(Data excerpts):

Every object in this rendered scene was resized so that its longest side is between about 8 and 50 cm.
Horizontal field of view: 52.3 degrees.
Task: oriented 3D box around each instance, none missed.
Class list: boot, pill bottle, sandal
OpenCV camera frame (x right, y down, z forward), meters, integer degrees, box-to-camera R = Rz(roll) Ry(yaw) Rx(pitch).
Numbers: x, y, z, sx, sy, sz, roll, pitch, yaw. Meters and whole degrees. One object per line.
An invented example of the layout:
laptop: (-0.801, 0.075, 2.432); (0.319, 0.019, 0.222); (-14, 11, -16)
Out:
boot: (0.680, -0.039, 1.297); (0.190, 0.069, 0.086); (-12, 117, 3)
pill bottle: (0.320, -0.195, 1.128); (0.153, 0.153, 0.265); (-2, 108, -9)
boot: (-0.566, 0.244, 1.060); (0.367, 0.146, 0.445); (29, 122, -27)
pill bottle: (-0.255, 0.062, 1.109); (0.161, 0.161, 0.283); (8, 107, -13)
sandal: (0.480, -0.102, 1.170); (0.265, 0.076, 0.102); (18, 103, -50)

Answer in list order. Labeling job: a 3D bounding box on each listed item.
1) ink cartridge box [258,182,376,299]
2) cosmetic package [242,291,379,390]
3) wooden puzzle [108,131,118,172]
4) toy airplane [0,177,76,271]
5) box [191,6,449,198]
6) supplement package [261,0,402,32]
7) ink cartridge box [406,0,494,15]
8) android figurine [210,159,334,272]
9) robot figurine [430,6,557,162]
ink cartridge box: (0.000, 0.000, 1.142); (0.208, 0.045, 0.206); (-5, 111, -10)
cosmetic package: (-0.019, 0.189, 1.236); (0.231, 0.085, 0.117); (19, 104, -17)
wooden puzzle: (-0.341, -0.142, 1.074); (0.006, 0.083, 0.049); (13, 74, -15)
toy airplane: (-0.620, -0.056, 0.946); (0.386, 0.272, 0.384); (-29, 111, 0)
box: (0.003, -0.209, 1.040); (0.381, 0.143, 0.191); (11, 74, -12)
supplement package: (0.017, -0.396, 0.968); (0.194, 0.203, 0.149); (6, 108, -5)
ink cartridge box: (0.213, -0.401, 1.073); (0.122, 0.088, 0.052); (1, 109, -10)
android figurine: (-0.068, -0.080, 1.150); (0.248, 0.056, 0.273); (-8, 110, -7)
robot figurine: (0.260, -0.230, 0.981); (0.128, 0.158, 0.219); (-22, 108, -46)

(WHAT NEEDS TO BE DONE):
Wherever a line contains the string "roll", copy that line from the data.

(TASK ANSWER):
OpenCV camera frame (x right, y down, z forward), meters, integer degrees, box-to-camera R = Rz(roll) Ry(yaw) Rx(pitch).
Numbers: x, y, z, sx, sy, sz, roll, pitch, yaw. Meters and whole degrees. One object per line.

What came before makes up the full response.